Now that we have our trained RMM we want to predict the one step ahead henon map and compare the results obtained with different reservoirs. In oreder to do so we are first going to implement a quick nmse function :

function NMSE(target, output)
num = 0.0
den = 0.0
sums = []
for i=1:size(target, 2)
append!(sums, sum(target[:, i]))
end
for i=1:size(target, 1)
num += norm(output[i, :]-target[i, :])^2.0
den += norm(target[i, :]-sums./size(target, 1))^2.0
end
nmse = (num/size(target, 1))/(den/size(target, 1))
return nmse
end


after that we are going to predict the system and compare the results:

rmms = [rmmcrj, rmmscr, rmmdlrb, rmmdlr]

for rmm in rmms
output2 = RMMdirect_predict(rmm, test_x)
println(NMSE(train_y, output2))
end

1.4856355716974217
1.4868276240921912
1.5624183281454223
1.5237046076873637
`

As we can see the best performing architecture is the one with the CRJ reservoir. The SCR closely follows.

This tests are not the one used in the paper, but given that I was a little behind with the implementation I thought to do a couple of quick and easy ones instead. The model is really interesting and I want to continue to explore the possibilities that it offers. The implementation, while working, is not yet finished: there are a couple of finishing touches to give and a couple of more checks to do. I really want to be able to reproduce the results of the paper but the base implementations of ESN in ReservoirComputing and the paper code are really different, and it will take at least another week of full work to unravel all the small details. Huge thanks to the author Benjamin Paaßen that answered quickly and kindly to my emails.

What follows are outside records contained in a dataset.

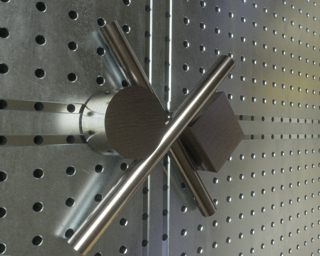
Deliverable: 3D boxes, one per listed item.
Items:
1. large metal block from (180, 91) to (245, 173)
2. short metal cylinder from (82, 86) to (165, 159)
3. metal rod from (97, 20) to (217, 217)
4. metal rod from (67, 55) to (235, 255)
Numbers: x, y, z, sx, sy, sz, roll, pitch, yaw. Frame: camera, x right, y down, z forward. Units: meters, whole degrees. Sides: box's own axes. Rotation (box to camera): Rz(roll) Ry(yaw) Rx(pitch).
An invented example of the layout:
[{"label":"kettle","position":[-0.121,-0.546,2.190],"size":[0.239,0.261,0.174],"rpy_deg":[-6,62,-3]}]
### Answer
[{"label":"large metal block","position":[0.067,0.005,0.443],"size":[0.080,0.050,0.080],"rpy_deg":[-46,118,-30]},{"label":"short metal cylinder","position":[-0.041,-0.006,0.354],"size":[0.081,0.050,0.079],"rpy_deg":[0,90,-40]},{"label":"metal rod","position":[0.007,0.003,0.409],"size":[0.025,0.025,0.299],"rpy_deg":[-43,116,-31]},{"label":"metal rod","position":[0.002,0.019,0.379],"size":[0.301,0.025,0.025],"rpy_deg":[-50,120,-18]}]
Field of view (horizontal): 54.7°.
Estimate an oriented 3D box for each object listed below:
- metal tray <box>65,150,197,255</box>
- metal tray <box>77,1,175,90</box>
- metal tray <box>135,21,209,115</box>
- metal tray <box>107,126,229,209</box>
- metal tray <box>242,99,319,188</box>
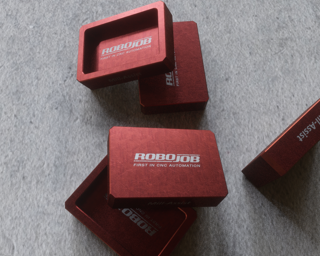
[{"bbox_3d":[-0.034,0.099,0.368,0.130,0.030,0.090,36,74,12],"label":"metal tray"},{"bbox_3d":[-0.048,-0.108,0.417,0.130,0.030,0.090,-9,70,21],"label":"metal tray"},{"bbox_3d":[0.014,-0.087,0.437,0.091,0.030,0.129,-5,70,-2],"label":"metal tray"},{"bbox_3d":[0.006,0.045,0.362,0.131,0.030,0.090,2,55,-14],"label":"metal tray"},{"bbox_3d":[0.163,0.012,0.371,0.130,0.090,0.030,-39,75,-13],"label":"metal tray"}]
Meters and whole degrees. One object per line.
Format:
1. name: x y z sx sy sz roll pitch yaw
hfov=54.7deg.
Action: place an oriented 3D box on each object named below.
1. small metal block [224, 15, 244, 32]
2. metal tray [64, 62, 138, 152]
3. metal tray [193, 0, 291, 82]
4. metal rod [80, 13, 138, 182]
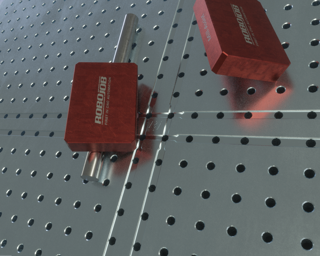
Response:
1. small metal block: 0.086 -0.130 0.424 0.025 0.050 0.050 5 55 -18
2. metal tray: -0.078 -0.032 0.435 0.091 0.030 0.130 0 63 -2
3. metal tray: 0.099 -0.120 0.392 0.091 0.030 0.130 4 54 -18
4. metal rod: -0.072 -0.063 0.483 0.025 0.025 0.299 -5 59 25
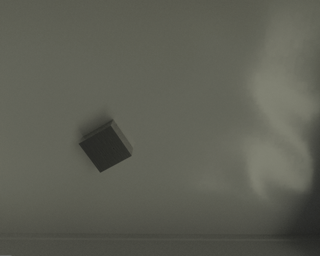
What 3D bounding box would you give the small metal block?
[{"bbox_3d":[-0.072,0.024,0.419,0.050,0.025,0.050,-29,108,10],"label":"small metal block"}]
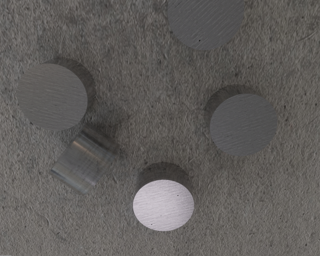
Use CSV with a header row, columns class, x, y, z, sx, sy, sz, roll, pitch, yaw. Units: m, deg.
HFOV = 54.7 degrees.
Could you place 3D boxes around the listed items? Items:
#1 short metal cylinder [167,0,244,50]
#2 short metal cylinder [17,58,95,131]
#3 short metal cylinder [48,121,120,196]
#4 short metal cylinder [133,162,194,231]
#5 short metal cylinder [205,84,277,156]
class,x,y,z,sx,sy,sz,roll,pitch,yaw
short metal cylinder,0.048,-0.131,0.348,0.081,0.050,0.079,0,110,0
short metal cylinder,-0.124,-0.043,0.379,0.081,0.050,0.079,0,110,0
short metal cylinder,-0.095,0.038,0.394,0.050,0.080,0.080,38,106,-13
short metal cylinder,0.005,0.094,0.431,0.081,0.050,0.079,0,110,0
short metal cylinder,0.100,-0.011,0.393,0.081,0.050,0.079,0,110,0
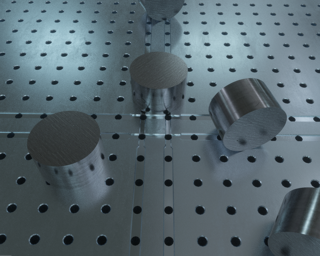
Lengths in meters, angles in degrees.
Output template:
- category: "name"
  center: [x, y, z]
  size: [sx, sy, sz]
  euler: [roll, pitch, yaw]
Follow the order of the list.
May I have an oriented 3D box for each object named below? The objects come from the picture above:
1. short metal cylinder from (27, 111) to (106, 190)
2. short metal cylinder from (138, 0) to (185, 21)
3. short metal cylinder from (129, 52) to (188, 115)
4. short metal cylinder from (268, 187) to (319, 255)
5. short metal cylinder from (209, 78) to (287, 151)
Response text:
- category: "short metal cylinder"
  center: [-0.108, 0.026, 0.369]
  size: [0.081, 0.050, 0.080]
  euler: [0, 50, 0]
- category: "short metal cylinder"
  center: [0.001, -0.251, 0.583]
  size: [0.081, 0.080, 0.050]
  euler: [-17, 52, -14]
- category: "short metal cylinder"
  center: [-0.002, -0.065, 0.446]
  size: [0.081, 0.050, 0.080]
  euler: [0, 50, 0]
- category: "short metal cylinder"
  center: [0.149, 0.101, 0.289]
  size: [0.080, 0.080, 0.050]
  euler: [25, 54, 19]
- category: "short metal cylinder"
  center: [0.108, -0.015, 0.386]
  size: [0.081, 0.080, 0.050]
  euler: [-11, 51, -10]
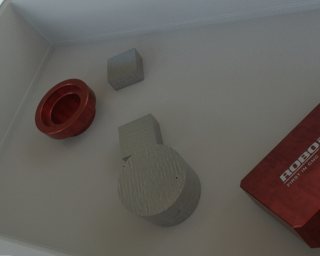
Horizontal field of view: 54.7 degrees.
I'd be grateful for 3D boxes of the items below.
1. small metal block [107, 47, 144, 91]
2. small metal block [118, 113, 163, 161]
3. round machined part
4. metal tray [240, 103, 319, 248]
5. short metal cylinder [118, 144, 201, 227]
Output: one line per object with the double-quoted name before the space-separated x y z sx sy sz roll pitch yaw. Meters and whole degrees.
"small metal block" -0.055 -0.093 0.490 0.050 0.025 0.050 -19 55 17
"small metal block" -0.025 0.016 0.408 0.050 0.025 0.050 -22 54 14
"round machined part" -0.140 -0.025 0.482 0.098 0.042 0.098 -13 56 20
"metal tray" 0.146 0.031 0.279 0.130 0.030 0.090 -44 19 -3
"short metal cylinder" 0.000 0.065 0.349 0.080 0.050 0.080 -13 56 20
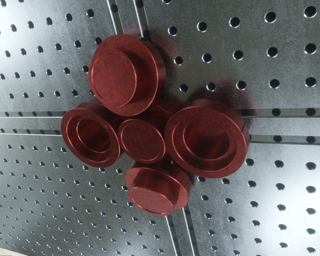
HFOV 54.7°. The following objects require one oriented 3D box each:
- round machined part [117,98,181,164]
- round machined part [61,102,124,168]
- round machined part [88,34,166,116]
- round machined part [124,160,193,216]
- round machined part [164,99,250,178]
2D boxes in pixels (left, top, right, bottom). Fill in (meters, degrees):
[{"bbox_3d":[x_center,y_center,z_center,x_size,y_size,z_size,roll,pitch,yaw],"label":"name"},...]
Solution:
[{"bbox_3d":[-0.016,0.009,0.411,0.098,0.042,0.097,13,124,20],"label":"round machined part"},{"bbox_3d":[-0.090,0.006,0.449,0.098,0.042,0.097,13,124,20],"label":"round machined part"},{"bbox_3d":[-0.046,-0.062,0.370,0.098,0.042,0.097,8,108,27],"label":"round machined part"},{"bbox_3d":[-0.006,0.089,0.442,0.098,0.042,0.097,15,139,14],"label":"round machined part"},{"bbox_3d":[0.059,0.009,0.374,0.098,0.042,0.097,13,124,20],"label":"round machined part"}]

As always, if you have any questions regarding the model, the package or you have found errors in my post, please don’t hesitate to contact me!

## Documentation

 Paaßen, Benjamin, and Alexander Schulz. “Reservoir memory machines.” arXiv preprint arXiv:2003.04793 (2020).

 Graves, Alex, Greg Wayne, and Ivo Danihelka. “Neural turing machines.” arXiv preprint arXiv:1410.5401 (2014).

 Rodan, Ali, and Peter Tiňo. “Simple deterministically constructed cycle reservoirs with regular jumps.” Neural computation 24.7 (2012): 1822-1852.

 Rodan, Ali, and Peter Tino. “Minimum complexity echo state network.” IEEE transactions on neural networks 22.1 (2010): 131-144.